Problem to work on: Only the lines holding the string "import" are needed; copy each of them from the data.

Data under study:
===
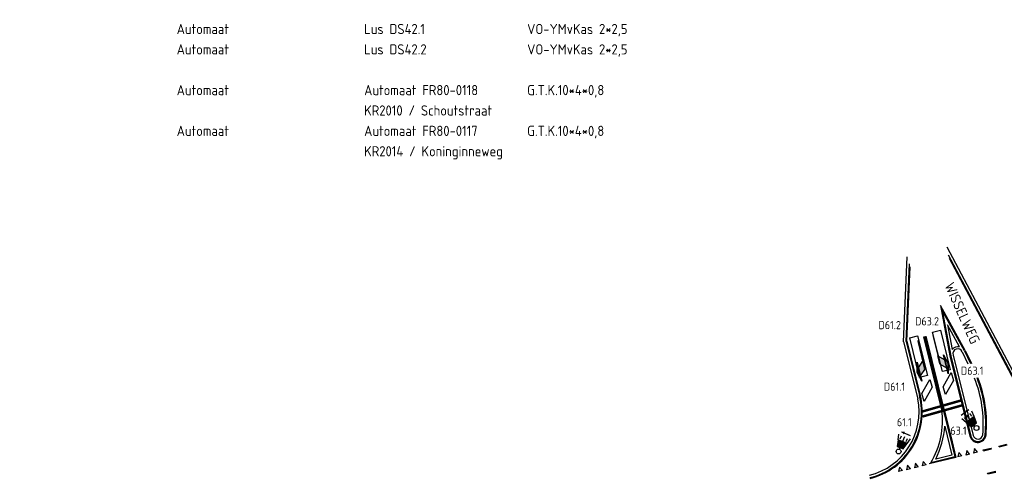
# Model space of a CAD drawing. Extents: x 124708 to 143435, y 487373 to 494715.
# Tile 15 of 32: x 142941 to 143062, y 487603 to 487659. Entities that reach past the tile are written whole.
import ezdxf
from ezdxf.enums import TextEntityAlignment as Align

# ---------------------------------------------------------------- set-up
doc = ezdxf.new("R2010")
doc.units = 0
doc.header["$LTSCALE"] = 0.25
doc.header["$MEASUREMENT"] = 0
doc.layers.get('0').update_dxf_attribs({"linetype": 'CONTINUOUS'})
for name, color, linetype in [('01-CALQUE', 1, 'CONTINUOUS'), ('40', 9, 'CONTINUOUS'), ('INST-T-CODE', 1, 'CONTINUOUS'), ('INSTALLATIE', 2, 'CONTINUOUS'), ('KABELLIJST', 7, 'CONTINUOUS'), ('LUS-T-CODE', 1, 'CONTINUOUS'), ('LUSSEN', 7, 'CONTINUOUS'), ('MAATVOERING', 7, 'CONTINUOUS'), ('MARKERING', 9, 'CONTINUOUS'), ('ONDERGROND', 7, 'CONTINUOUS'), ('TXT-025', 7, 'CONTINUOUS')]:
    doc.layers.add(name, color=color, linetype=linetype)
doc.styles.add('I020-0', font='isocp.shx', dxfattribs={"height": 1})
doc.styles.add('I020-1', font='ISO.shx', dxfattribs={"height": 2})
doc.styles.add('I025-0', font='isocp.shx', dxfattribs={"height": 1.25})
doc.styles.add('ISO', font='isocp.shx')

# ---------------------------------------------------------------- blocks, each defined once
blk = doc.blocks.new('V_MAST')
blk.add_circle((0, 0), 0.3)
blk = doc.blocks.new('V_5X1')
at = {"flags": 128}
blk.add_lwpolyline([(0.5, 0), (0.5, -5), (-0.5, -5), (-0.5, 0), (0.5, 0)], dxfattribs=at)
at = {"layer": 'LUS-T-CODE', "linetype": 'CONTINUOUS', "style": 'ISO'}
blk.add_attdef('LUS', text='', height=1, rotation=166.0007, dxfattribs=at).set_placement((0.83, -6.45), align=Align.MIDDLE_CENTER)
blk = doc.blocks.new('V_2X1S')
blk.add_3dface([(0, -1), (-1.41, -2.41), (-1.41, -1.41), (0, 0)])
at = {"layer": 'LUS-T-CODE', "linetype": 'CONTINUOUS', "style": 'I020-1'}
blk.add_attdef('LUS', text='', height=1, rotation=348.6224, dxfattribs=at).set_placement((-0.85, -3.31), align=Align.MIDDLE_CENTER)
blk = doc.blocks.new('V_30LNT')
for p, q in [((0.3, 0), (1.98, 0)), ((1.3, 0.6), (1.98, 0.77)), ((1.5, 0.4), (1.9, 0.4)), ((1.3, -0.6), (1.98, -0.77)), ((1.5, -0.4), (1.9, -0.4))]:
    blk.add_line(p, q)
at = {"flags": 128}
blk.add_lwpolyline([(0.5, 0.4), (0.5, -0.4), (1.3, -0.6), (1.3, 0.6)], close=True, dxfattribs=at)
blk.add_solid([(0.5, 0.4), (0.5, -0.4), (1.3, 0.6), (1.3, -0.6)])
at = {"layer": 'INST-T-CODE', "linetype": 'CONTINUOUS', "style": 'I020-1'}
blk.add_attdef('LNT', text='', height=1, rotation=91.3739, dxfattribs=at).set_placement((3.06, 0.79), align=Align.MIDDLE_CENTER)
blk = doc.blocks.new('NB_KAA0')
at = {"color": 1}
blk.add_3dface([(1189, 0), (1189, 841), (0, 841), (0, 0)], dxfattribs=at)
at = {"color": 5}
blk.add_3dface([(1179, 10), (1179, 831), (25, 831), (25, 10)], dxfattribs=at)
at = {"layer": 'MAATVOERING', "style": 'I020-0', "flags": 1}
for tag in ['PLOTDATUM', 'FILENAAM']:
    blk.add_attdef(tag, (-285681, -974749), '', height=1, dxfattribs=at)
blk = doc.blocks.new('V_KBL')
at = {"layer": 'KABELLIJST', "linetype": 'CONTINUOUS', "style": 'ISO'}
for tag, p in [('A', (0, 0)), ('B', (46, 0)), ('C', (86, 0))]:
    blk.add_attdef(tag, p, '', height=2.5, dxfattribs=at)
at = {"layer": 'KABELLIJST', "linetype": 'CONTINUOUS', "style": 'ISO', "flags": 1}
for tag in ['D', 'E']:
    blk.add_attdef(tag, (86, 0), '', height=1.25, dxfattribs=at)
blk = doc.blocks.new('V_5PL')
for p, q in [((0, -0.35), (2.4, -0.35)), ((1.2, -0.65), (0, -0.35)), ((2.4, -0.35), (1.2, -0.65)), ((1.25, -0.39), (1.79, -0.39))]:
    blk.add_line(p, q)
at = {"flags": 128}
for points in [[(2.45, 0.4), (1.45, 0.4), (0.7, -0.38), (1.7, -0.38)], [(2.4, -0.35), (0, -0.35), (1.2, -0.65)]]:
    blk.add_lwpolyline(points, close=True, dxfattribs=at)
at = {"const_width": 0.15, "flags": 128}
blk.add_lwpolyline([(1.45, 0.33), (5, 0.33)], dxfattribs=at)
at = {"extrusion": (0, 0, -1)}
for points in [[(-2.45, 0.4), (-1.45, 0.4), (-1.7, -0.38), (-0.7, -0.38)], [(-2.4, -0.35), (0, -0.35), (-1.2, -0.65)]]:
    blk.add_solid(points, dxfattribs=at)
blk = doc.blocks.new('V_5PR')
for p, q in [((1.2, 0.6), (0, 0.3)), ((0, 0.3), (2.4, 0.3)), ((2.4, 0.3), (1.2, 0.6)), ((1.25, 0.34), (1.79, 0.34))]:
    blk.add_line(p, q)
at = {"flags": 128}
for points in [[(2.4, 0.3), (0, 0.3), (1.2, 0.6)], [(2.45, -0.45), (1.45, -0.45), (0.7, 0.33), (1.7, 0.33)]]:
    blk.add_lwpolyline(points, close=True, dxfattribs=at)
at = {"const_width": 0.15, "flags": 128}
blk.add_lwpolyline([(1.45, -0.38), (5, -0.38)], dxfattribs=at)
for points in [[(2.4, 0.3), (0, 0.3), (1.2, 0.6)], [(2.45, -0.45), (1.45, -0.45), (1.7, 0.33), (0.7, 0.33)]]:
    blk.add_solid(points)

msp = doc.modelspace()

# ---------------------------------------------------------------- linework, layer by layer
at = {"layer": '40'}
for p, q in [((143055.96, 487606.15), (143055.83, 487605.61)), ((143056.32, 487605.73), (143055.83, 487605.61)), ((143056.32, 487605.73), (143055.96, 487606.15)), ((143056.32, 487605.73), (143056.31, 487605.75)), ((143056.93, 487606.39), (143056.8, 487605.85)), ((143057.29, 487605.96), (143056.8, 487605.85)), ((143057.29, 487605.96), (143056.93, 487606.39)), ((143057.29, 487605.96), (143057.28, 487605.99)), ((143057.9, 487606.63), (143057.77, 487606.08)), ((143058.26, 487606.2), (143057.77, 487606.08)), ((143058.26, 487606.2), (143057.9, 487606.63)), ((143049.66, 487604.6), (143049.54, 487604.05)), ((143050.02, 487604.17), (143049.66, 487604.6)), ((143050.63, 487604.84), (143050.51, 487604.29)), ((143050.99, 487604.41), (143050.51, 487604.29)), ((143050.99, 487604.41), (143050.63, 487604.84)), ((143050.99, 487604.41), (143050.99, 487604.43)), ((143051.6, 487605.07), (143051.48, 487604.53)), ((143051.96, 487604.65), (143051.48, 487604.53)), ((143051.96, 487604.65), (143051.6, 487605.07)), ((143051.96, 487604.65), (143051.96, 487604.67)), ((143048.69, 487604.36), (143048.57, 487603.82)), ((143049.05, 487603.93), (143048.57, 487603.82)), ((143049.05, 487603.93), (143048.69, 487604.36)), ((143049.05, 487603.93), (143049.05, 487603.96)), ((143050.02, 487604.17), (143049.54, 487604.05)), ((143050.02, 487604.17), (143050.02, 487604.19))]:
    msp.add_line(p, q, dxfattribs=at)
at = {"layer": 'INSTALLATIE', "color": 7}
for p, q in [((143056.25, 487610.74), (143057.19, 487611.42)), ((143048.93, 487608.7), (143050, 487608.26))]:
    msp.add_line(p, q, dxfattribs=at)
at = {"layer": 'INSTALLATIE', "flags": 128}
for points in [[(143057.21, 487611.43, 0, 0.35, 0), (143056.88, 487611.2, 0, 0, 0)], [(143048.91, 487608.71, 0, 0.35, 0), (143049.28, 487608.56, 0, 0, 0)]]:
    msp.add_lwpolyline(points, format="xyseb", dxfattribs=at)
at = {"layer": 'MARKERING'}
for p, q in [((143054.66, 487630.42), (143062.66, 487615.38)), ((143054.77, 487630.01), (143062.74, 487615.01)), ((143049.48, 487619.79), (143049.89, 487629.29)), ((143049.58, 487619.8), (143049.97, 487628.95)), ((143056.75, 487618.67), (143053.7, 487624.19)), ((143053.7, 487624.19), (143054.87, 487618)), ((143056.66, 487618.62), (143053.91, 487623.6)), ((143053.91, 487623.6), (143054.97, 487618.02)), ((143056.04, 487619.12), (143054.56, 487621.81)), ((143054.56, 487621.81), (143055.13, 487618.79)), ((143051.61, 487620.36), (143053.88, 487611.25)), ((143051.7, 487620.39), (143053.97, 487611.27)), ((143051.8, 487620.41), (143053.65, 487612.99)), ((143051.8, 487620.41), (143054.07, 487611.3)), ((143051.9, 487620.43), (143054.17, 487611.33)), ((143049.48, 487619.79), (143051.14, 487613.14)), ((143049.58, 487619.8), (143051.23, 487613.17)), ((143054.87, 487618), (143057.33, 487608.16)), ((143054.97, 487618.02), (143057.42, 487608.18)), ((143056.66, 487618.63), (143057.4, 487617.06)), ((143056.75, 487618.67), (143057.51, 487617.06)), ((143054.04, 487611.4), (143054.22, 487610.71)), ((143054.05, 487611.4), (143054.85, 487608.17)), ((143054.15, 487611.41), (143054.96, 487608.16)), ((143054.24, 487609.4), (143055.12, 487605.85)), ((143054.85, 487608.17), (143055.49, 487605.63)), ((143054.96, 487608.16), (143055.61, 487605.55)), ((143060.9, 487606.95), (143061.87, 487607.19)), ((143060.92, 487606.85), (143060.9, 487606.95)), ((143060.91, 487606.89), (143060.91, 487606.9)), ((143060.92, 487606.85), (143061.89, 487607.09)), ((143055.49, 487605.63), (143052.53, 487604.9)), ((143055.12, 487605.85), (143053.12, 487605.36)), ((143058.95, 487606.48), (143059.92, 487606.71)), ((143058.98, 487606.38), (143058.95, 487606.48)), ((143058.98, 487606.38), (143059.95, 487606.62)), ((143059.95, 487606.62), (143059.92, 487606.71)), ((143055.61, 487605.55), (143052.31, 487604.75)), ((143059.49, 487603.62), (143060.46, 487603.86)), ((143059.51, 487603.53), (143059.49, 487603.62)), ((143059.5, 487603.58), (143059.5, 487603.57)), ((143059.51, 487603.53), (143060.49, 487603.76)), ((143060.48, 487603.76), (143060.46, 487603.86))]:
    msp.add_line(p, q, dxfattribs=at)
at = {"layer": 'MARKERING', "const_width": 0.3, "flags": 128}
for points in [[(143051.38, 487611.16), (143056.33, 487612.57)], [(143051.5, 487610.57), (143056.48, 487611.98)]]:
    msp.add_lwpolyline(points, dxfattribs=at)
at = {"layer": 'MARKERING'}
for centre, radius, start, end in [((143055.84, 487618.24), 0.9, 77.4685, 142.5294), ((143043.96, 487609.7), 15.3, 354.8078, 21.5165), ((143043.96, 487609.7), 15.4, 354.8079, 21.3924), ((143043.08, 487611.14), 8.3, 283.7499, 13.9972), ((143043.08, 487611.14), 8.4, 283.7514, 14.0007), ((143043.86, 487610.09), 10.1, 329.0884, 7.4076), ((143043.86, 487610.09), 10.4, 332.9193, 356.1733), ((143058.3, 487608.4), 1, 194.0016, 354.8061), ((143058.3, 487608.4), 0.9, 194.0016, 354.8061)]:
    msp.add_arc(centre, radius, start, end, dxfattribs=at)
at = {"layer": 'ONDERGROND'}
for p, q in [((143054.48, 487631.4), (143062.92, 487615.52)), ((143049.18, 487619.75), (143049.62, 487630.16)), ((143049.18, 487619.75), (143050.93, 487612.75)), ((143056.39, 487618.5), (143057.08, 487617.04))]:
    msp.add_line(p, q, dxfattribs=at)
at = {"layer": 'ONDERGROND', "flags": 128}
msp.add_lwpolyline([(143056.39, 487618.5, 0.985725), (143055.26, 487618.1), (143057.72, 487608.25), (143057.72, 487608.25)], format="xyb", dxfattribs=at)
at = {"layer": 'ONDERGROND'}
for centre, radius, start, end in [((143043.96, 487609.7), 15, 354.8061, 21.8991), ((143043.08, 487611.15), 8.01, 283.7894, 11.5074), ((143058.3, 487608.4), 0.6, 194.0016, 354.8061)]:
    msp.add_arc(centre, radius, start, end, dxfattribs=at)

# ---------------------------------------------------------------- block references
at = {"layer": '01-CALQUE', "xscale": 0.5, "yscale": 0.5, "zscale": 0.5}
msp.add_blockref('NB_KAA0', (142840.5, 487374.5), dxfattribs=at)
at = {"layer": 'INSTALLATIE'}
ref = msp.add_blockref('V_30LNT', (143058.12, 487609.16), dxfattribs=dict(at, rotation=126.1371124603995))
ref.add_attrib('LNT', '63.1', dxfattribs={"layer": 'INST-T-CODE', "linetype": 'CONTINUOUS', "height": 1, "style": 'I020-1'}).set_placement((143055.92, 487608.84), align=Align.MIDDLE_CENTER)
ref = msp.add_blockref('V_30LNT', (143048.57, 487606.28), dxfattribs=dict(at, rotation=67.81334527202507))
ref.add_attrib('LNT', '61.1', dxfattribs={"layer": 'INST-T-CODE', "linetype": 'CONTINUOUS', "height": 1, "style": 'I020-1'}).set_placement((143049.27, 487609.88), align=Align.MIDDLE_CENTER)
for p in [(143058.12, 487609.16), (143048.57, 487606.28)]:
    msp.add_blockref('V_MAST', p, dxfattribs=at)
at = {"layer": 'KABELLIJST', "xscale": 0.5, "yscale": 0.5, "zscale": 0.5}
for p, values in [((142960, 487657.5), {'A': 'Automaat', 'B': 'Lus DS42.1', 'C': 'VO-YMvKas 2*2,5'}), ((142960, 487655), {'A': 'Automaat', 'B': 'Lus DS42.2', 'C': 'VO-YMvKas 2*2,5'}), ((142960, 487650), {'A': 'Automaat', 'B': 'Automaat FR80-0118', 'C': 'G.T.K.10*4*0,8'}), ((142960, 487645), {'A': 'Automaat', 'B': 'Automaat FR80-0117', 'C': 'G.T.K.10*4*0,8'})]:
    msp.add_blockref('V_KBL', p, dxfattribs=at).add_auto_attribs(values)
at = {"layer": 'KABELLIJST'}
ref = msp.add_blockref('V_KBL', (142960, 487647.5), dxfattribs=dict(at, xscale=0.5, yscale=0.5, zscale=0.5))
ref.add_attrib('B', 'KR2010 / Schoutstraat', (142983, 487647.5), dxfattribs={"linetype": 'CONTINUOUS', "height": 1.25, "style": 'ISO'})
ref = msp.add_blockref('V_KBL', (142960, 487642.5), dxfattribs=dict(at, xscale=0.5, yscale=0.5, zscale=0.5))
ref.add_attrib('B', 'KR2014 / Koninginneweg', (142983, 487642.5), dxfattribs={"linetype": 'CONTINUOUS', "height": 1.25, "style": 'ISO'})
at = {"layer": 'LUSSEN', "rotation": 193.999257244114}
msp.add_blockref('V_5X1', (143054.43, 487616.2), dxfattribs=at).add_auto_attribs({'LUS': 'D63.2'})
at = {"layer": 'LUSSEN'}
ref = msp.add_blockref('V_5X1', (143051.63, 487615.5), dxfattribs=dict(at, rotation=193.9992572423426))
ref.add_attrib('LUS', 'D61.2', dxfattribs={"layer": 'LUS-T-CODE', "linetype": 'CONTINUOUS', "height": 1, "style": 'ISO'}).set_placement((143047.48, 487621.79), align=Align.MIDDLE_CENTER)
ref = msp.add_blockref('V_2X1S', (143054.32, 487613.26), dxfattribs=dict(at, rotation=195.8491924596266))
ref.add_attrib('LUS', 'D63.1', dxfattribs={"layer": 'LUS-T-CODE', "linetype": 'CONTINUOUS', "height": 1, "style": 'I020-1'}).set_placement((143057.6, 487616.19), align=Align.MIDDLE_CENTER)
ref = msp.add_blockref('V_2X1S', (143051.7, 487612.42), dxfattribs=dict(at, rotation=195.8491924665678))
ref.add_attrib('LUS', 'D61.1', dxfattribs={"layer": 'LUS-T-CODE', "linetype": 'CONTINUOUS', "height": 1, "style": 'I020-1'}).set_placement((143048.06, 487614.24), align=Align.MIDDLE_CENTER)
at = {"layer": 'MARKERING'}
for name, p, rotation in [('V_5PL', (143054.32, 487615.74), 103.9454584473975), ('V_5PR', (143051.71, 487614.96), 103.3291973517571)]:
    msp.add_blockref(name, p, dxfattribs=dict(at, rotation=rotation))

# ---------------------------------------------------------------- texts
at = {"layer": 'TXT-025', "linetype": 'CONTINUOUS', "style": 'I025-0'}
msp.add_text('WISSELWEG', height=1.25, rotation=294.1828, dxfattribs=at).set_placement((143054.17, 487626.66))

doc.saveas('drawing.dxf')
===
Solved exercise:
import ezdxf
from ezdxf.enums import TextEntityAlignment as Align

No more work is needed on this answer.